Intervista a Mircea Cartarescu


Considerato il maggiore scrittore romeno, Mircea Cartarescu torna in Italia dov’è molto amato. Vincitore del premio speciale Ceppo, tra domani e domenica è a Firenze e Pistoia, mentre al Salone del libro di Torino riceverà il premio internazionale Mondello per l’Autore straniero. «Sono molto felice e grato di ricevere due splendidi riconoscimenti. Questa è la migliore prova che il pubblico italiano apprezza i miei libri», dice al «Corriere» questo scrittore di 67 anni, dai modi miti e dal potente immaginario che, in epoca di letteratura standardizzata, con opere uniche nella loro originalità come la trilogia Abbacinante (Voland), il romanzo Solenoide (Il Saggiatore), le tre storie di Melancolia (La nave di Teseo), ha ridisegnato i confini del romanzo. «Per me la scrittura non è una carriera, ma una vocazione, un’arte e una sorta di religione – spiega con semplicità —. Amo scrivere e questo mi basta. Quando non scrivo mi sento infelice. Mi piacciono i giorni, le ore, i minuti passati davanti ai miei quaderni, con la mia penna stilografica in mano. Scrivere è una beatitudine, è un’arte del presente. Tutti i libri, gli scrittori, le recensioni, i premi prima o poi spariranno. Ciò che rimane per sempre è il momento della creazione, quando, come disse il poeta Hölderlin, “un tempo vivevo come gli dei”».

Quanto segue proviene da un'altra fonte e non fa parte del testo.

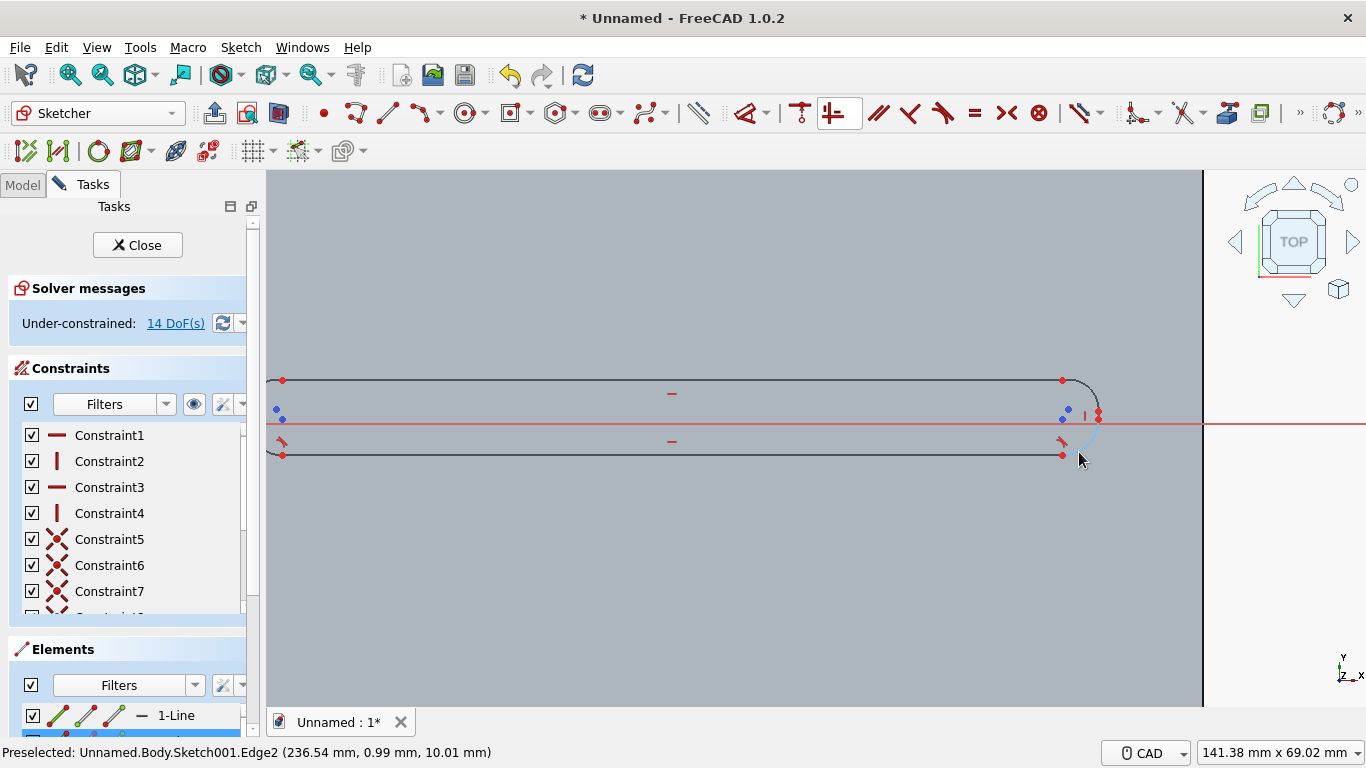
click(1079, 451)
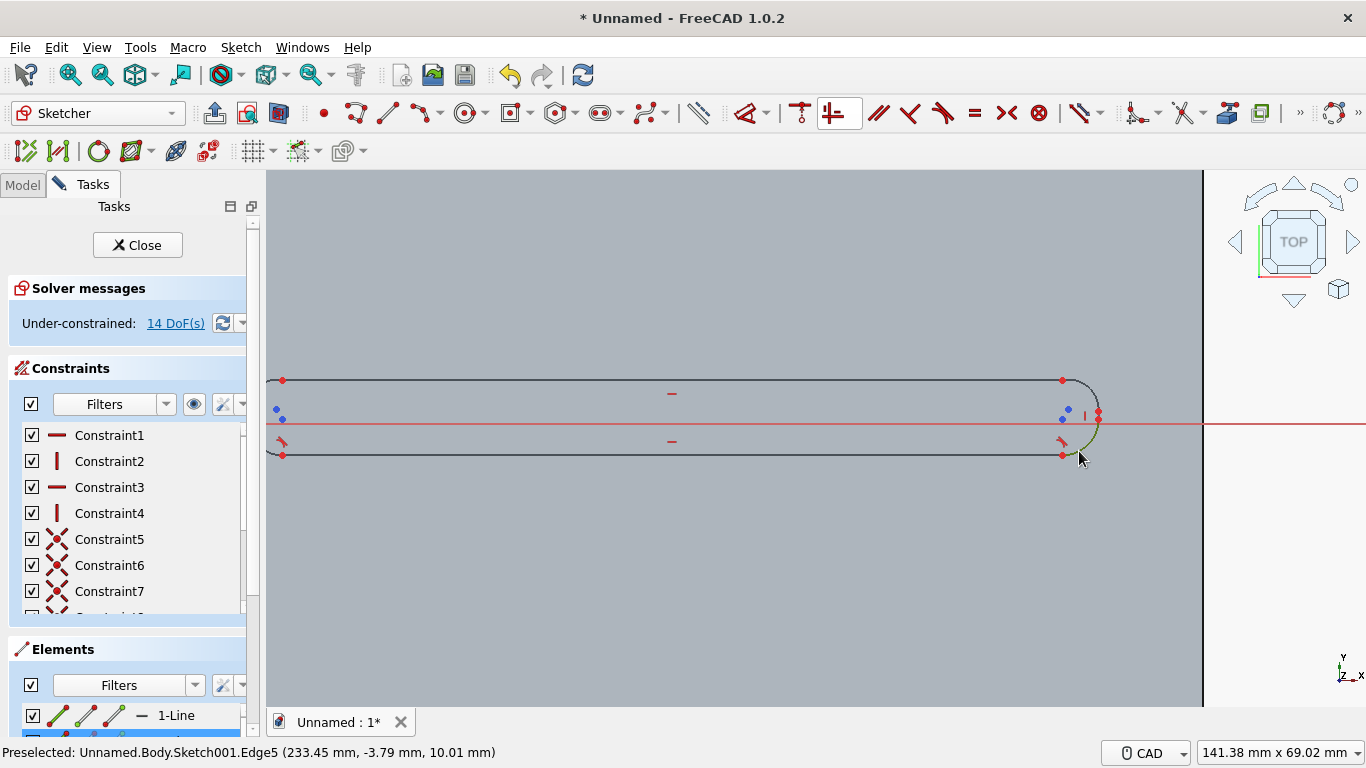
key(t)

La sua letteratura è stata definita di volta in volta metafisica, visionaria, magica, psichedelica. Si riconosce?
«Lascio le definizioni ai professori e ai critici. A mio parere solo gli scrittori mediocri rientrano in categorie. Un poeta, come diceva Salinger, è un essere alato: non si può mettere in gabbia. Ho scritto romanzi, poesie, saggi, libri per bambini, accademici, di viaggio, raccolte di articoli politici e culturali, e non mi vergogno di nessuna delle mie pagine, non perché tutte siano grandi (la maggior parte non lo sono), ma perché non ho mai tradito le mie convinzioni artistiche. Ho scritto il romanzo più ambizioso e l’ articolo più umile con la stessa passione e devozione».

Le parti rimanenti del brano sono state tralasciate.